California stay home order has been lifted
Outdoor dining, services are now widely allowed
MONTEREY >> Outdoor dining, outside hair and nail salons, and other “non-essential” businesses and activities can resume with limited capacity in Monterey County after Gov. Gavin Newsom’s announcement the state’s regional stay-at-home order has been lifted amid improving COVID-19 trends.
Two weeks after the order was extended indefinitely and tied to regional ICU bed capacity, state health officials decided to lift the order, citing “positive signs that the virus is spreading at a slower rate across the state,” according to a state Public Health Department release.
The state is also lifting a 10 p.m. to 5 a.m. curfew. “Californians heard the urgent message to stay home as much as possible and accepted that challenge to slow the surge and save lives,” state Public Health Officer and Public Health Department director Dr. Tomás Aragón said in the release. “Together, we changed our activities knowing our short-term sacrifices would lead to longer-term gains. COVID-19 is still here and still deadly, so our work is not over, but it’s important to recognize our collective actions saved lives and we are turning a critical corner.”
“California is slowly starting to emerge from the most dangerous surge of this pandemic yet, which is the light at the end of the tunnel we’ve been hoping for,” state Health and Human Services secretary Dr. Mark Ghaly said. “Seven weeks ago, our hospitals and front-line medical workers were stretched to their limits, but Californians heard the urgent message to stay home when possible and our surge after the December holidays did not overwhelm the health care system to the degree we had feared.”
The Bay Area region, which includes Monterey County, is at 23.4% ICU bed
capacity which would have qualified the region to lift the order on its own anyway. It had dipped to a third of that in the last several weeks.
Local hospital ICU bed capacity was not available, although Community Hospital of the Monterey Peninsula said it had seven COVID-19 patients in ICU beds and 14 total ICU patients in the hospital’s 20 ICU beds.
Counties will now return to the state’s Blueprint for a Safer Economy tier system that ranks them by COVID-19 metrics such as case rate per 100,000 population and test positivity rates. It also sets looser restrictions on businesses and activities than the stay-at-home order, although local health officials can decide to continue tougher restrictions.
Monterey County, which has been in the “widespread” or purple tier since the system was established last summer, is currently recording 98.5 cases per 100,000 population, and a seven-day test positivity rate of 18.6% as well as a “health equity” test positivity rate of 27.7% among the residents in its poorest census tracts, according to the state’s data.

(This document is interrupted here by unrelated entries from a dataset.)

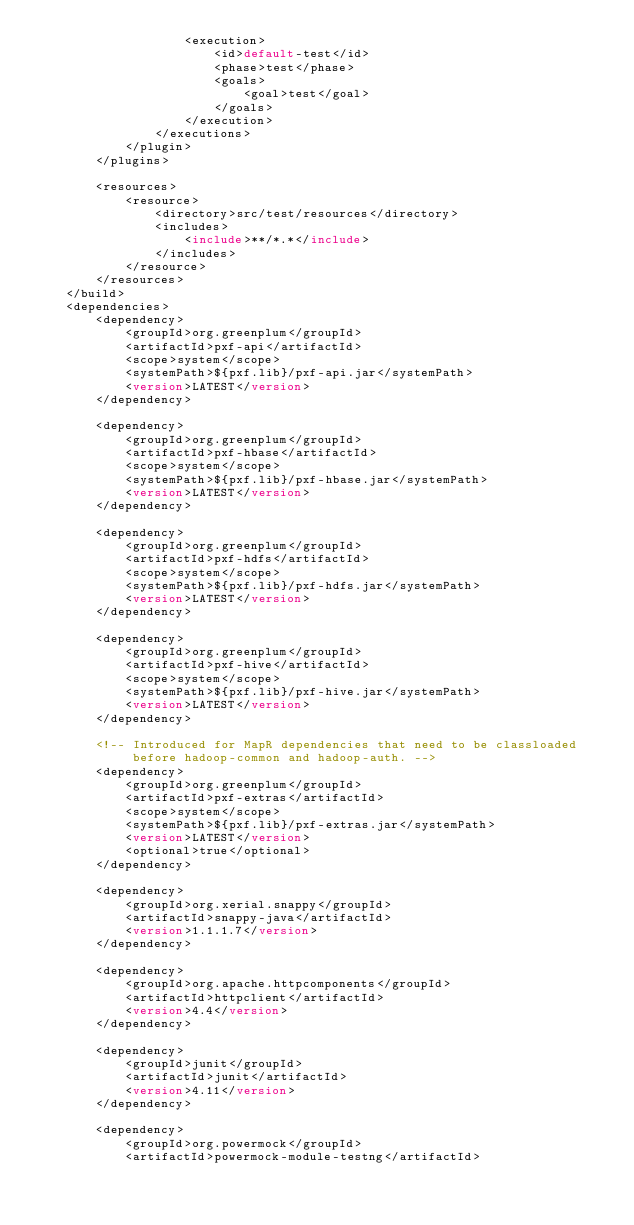<code> <loc_0><loc_0><loc_500><loc_500><_XML_>                    <execution>
                        <id>default-test</id>
                        <phase>test</phase>
                        <goals>
                            <goal>test</goal>
                        </goals>
                    </execution>
                </executions>
            </plugin>
        </plugins>

        <resources>
            <resource>
                <directory>src/test/resources</directory>
                <includes>
                    <include>**/*.*</include>
                </includes>
            </resource>
        </resources>
    </build>
    <dependencies>
        <dependency>
            <groupId>org.greenplum</groupId>
            <artifactId>pxf-api</artifactId>
            <scope>system</scope>
            <systemPath>${pxf.lib}/pxf-api.jar</systemPath>
            <version>LATEST</version>
        </dependency>

        <dependency>
            <groupId>org.greenplum</groupId>
            <artifactId>pxf-hbase</artifactId>
            <scope>system</scope>
            <systemPath>${pxf.lib}/pxf-hbase.jar</systemPath>
            <version>LATEST</version>
        </dependency>

        <dependency>
            <groupId>org.greenplum</groupId>
            <artifactId>pxf-hdfs</artifactId>
            <scope>system</scope>
            <systemPath>${pxf.lib}/pxf-hdfs.jar</systemPath>
            <version>LATEST</version>
        </dependency>

        <dependency>
            <groupId>org.greenplum</groupId>
            <artifactId>pxf-hive</artifactId>
            <scope>system</scope>
            <systemPath>${pxf.lib}/pxf-hive.jar</systemPath>
            <version>LATEST</version>
        </dependency>

        <!-- Introduced for MapR dependencies that need to be classloaded
             before hadoop-common and hadoop-auth. -->
        <dependency>
            <groupId>org.greenplum</groupId>
            <artifactId>pxf-extras</artifactId>
            <scope>system</scope>
            <systemPath>${pxf.lib}/pxf-extras.jar</systemPath>
            <version>LATEST</version>
            <optional>true</optional>
        </dependency>

        <dependency>
            <groupId>org.xerial.snappy</groupId>
            <artifactId>snappy-java</artifactId>
            <version>1.1.1.7</version>
        </dependency>

        <dependency>
            <groupId>org.apache.httpcomponents</groupId>
            <artifactId>httpclient</artifactId>
            <version>4.4</version>
        </dependency>

        <dependency>
            <groupId>junit</groupId>
            <artifactId>junit</artifactId>
            <version>4.11</version>
        </dependency>

        <dependency>
            <groupId>org.powermock</groupId>
            <artifactId>powermock-module-testng</artifactId></code>

County Health Officer Dr. Edward Moreno thanked county residents for following the stay-at-home order and said it was as a result of “everyone doing their part to slow transmission of the virus that the state was able to lift the order” and allow certain businesses to reopen with the purple tier restrictions. Moreno also warned local residents, “now is not the time to let down your guard” with regard to observing safety measures, including wearing masks, washing hands regularly, maintaining social distancing, and avoiding large gatherings with people outside the immediate household.
County health spokeswoman Karen Smith said Moreno is not considering a local extension of the order and its restrictions.
Community Hospital spokeswoman Monica Sciuto said hospital officials had seen a “slight decrease” in people testing positive for COVID-19 and being treated in our hospital over the last two weeks, calling it “good news” and acknowledging the “great need for businesses to open their doors and to provide vital employment for our community.”
But she urged everyone to “remain vigilant” on reducing the spread by observing
safety measures, noting there’s “still a long way to go until our community is sufficiently vaccinated and we can reopen and return to normal.”.
Sciuto also noted that with the Super Bowl approaching, it remains important for people to stay home and not invite anyone outside the immediate household to their homes since that “poses one of the greatest risks of spreading COVID-19.”
“We want to continue on a positive track to recovery and an event like that could set back our community and strain the health care system even longer,” she said.
Installed in early December, the order divided counties into regions which were then subject to a shutdown of all non-essential business and activity if they fell below 15% ICU bed capacity.
In mid-January, with COVID-19 cases and hospitalizations still surging, state health officials extended the order indefinitely and indicated it would be lifted once four-week regional ICU bed capacity projections rose to at least 15%. Southern California and San Joaquin Valley regional ICU bed capacity both remain below that limit, but state health officials have indicated they expect them to improve soon though they declined to release those projections.
As of Monday afternoon, county health was reporting a total of 37,285 confirmed cases of COVID-19, along with 175 current hospitalizations and 259 deaths with the virus.